ACT Greens MLA Rebecca Vassarotti is the Minister for the Environment, Parks and Land Management.
We love living in a bush capital. We love the creatures we get to share our city with. World Wildlife Day is a chance for us to celebrate our native wildlife and thank our environmental volunteers who work to protect their habitat and look after them.
We encourage the community to explore our environment in local nature reserves, and see what wildlife you can find and admire. I’ve been really happy to support community-based activities like the community Gala(h) Ball that ACT Wildlife hosted on Friday night. I encourage the community to get out there, and get involved in their local environment group.

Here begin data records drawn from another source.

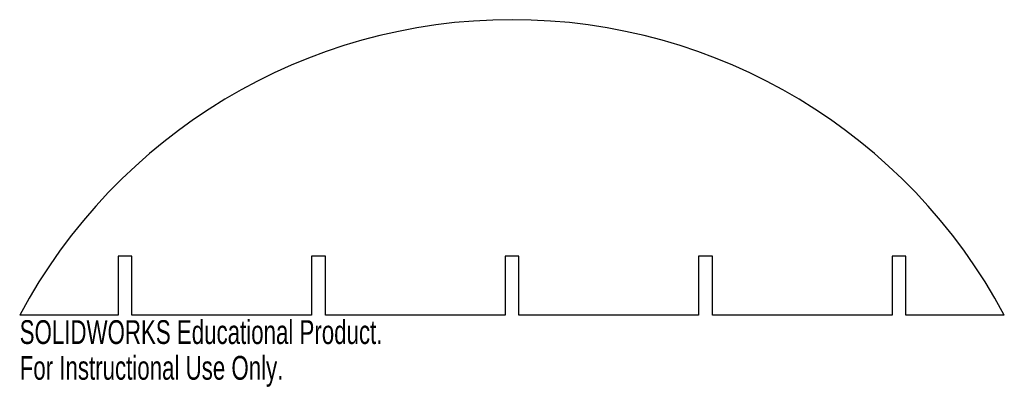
# Model space of a CAD drawing. Header units: millimetres. Extents: x -100 to 100, y -15 to 60.
import ezdxf

# ---------------------------------------------------------------- set-up
doc = ezdxf.new("R2010")
doc.units = ezdxf.units.MM
doc.styles.add('SLDTEXTSTYLE0', font='TXT', dxfattribs={"width": 0.7})

msp = doc.modelspace()

# ---------------------------------------------------------------- linework, layer by layer
at = {"color": 7, "linetype": 'Continuous', "lineweight": 25}
for p, q in [((-79.99, 12), (-79.99, 0)), ((-77.19, 12), (-79.99, 12)), ((-77.19, 0), (-77.19, 12)), ((-40.7, 12), (-40.7, 0)), ((-37.9, 12), (-40.7, 12)), ((-37.9, 0), (-37.9, 12)), ((-1.4, 12), (-1.4, 0)), ((1.4, 12), (-1.4, 12)), ((1.4, 0), (1.4, 12)), ((37.9, 12), (37.9, 0)), ((40.7, 12), (37.9, 12)), ((40.7, 0), (40.7, 12)), ((77.19, 12), (77.19, 0)), ((79.99, 12), (77.19, 12)), ((79.99, 0), (79.99, 12)), ((-79.99, 0), (-99.99, 0)), ((-40.7, 0), (-77.19, 0)), ((-1.4, 0), (-37.9, 0)), ((37.9, 0), (1.4, 0)), ((77.19, 0), (40.7, 0)), ((99.99, 0), (79.99, 0))]:
    msp.add_line(p, q, dxfattribs=at)
msp.add_arc((0, -53.33), 113.32, 28.0748, 151.9252, dxfattribs=at)

# ---------------------------------------------------------------- texts
at = {"color": 7, "linetype": 'Continuous', "char_height": 4.8336, "attachment_point": 1, "style": 'SLDTEXTSTYLE0'}
for s, insert in [('SOLIDWORKS Educational Product.', (-99.99, -1.02)), ('For Instructional Use Only.', (-99.99, -8.27))]:
    msp.add_mtext(s, dxfattribs=dict(at, insert=insert))

doc.saveas('drawing.dxf')

Wildlife is under threat like never before from the impacts of habitat degradation and loss, climate change, pollution, and severe weather events. Canberrans can help to protect the ACT’s wildlife by:
- Using only animal friendly netting.
- Minimising the use of insecticides.
- Disposing of rubbish properly.
- When driving, keeping watch for kangaroos at dawn and dusk.
- Submitting species records to the NatureMapr website, which helps us to keep track of key species including those that are threatened or invasive.
- Visiting the ACT’s parks and reserves with care.
- Following the rules when fishing.
There are 58 ACT native species and three ecological communities, as well as two key threatening processes, listed as threatened under the Nature Conservation Act 2014.
The ACT has eight species listed as critically endangered, 21 as endangered, 28 as Vulnerable, and one listed as regionally conservation dependent.
More species are likely to be added to this list later this year. We have seen an increase in listings in the past three years due to a rising threat of extinction of our native species nationally as well as recent changes to align listings with the Australian Government.
The ACT Government has committed to a variety of programs aimed to improve the conservation of our native wildlife.
We are supporting national efforts to conserve the koala by undertaking the ACT’s first comprehensive baseline monitoring project.
Monitoring will help to determine if we have any koala populations in the ACT and, if so, where they are, so we can better protect them.
The ACT Government is also examining the feasibility of transitioning the captive colony at Tidbinbilla to a larger breeding colony so in the future animals can be reintroduced into ACT woodlands.
There have also been some big achievements recently, such as the rediscovery of a population of critically endangered northern corroboree frogs in the high country of Namadgi Nature Reserve.